The time has come to loudly make the demand to return to the communities of the Gaza Strip and northern Samaria, even in the ears of those whose Zionist and humanist heart is blocked, but whose mind and logic force them to conclude that the south of the country has no future without a Jewish military presence - and therefore a civilian one - in the Gaza Strip. Perhaps, someone will recall that was the reason the Jewish communities were planted there in the first place, and that Ariel Sharon and Yitzchak Rabin - when they were younger and more clearheaded, and less tired and worn out - saw the future when they planned and executed the settlement of the Strip.

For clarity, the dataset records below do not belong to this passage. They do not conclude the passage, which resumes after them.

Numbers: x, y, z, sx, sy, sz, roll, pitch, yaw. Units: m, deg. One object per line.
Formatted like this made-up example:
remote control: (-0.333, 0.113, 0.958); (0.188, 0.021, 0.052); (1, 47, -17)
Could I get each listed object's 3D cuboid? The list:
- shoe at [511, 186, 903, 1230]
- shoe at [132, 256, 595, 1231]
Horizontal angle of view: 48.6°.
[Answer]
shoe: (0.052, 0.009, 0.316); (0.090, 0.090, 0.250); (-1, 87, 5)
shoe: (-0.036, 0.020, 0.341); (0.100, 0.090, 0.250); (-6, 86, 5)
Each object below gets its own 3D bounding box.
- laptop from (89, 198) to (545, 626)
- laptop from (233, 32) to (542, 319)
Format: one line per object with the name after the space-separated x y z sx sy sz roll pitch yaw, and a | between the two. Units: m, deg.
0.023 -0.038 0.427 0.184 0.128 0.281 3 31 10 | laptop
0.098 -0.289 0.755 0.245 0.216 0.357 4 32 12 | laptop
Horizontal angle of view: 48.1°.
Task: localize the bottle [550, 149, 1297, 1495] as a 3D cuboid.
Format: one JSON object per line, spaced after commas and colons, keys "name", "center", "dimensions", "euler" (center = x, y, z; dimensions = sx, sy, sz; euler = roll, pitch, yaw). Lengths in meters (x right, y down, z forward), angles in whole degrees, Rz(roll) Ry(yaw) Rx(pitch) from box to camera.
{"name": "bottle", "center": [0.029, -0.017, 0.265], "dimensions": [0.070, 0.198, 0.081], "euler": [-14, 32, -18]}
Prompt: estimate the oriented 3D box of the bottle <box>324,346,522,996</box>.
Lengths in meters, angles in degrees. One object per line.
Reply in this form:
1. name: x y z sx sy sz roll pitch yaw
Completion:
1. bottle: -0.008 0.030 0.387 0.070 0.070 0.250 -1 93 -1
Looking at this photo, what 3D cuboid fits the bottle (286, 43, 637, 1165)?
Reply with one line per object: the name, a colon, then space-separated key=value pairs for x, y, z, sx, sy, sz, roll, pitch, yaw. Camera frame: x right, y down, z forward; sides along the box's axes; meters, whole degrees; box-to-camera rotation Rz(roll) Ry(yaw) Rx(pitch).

When driving north from Jerusalem towards Binyamin and Samaria, one sees the wall and fence that is progressively closing in on Pisgat Ze'ev and that excludes the large community of Adam, which practically borders Pisgat Ze'ev. When traveling in the southern Hevron Hills towards Arad, one encounters a similar image: the separation fence runs south of Susia and Beit Yatir, leaving them outside sovereign Israeli territory. I assume that the residents of those communities are disappointed that they are not "inside," but that is how it must be. The function of Jewish communities in Judea and Samaria is to protect the fence - from the other side. Only if Jews reside on both sides of the the fence will it not constitute a border. And that is exactly what the settlements were established for - to prevent the division of the land. Therefore, Zionist logic dictates that we demand to expand the Jewish settlement precisely on the "other side" of the fence, because only in that way will the fence have a strictly security function, rather than - Heaven forbid - a geopolitical meaning. And it surely has meaning for security. The terrorists themselves admit that it disrupts their efforts to infiltrate suicide bombers.



Leftists never imagined that they would need the Jewish communities in the territory they want to become "Palestinian" in order to protect "their" fence. Had the proponents of the fence been thinking Zionism and security alone, and not coming up with withdrawal plans, they would have planned ahead to establish new Jewish communities all along its length, as an indivisible part of the concept.



From the genesis of Zionism, settlement and security have come together - the settlements were secured and they gave security. We wanted to forget? Bitter reality has come to remind us.



It remains to be asked why the demand to revitalize settlement movement is no longer heard. Why are politicians who are identified as "right-wing" when they demand to send the army into the Gaza Strip so quick to add, "Of course, we have no intention to remain there"? And what is the connection between the failure to activate the full force of the combat troops in the last Lebanon War and the fear and hesitation that the Left and the hostile media planted in the public mind regarding any ground operation? Is it the fear that any contact between a Jewish soldier's foot and the ground - any ground - will be interpreted as "occupation," as "sinking in the mud," be it Lebanese or Gazan?



The problem is that the hostile media also managed to make the settler camp forget that its entire right to exist is based on settling the land. That camp has also begun to talk about security instead of land, and strengthening the settlements is no longer at the top of their list of priorities.



The settlement enterprise must once again rise to the top of the national agenda, both in order to recharge the depleted Zionist batteries and as a critical, irreplaceable security tool. If the settlers themselves will not raise that flag, who will?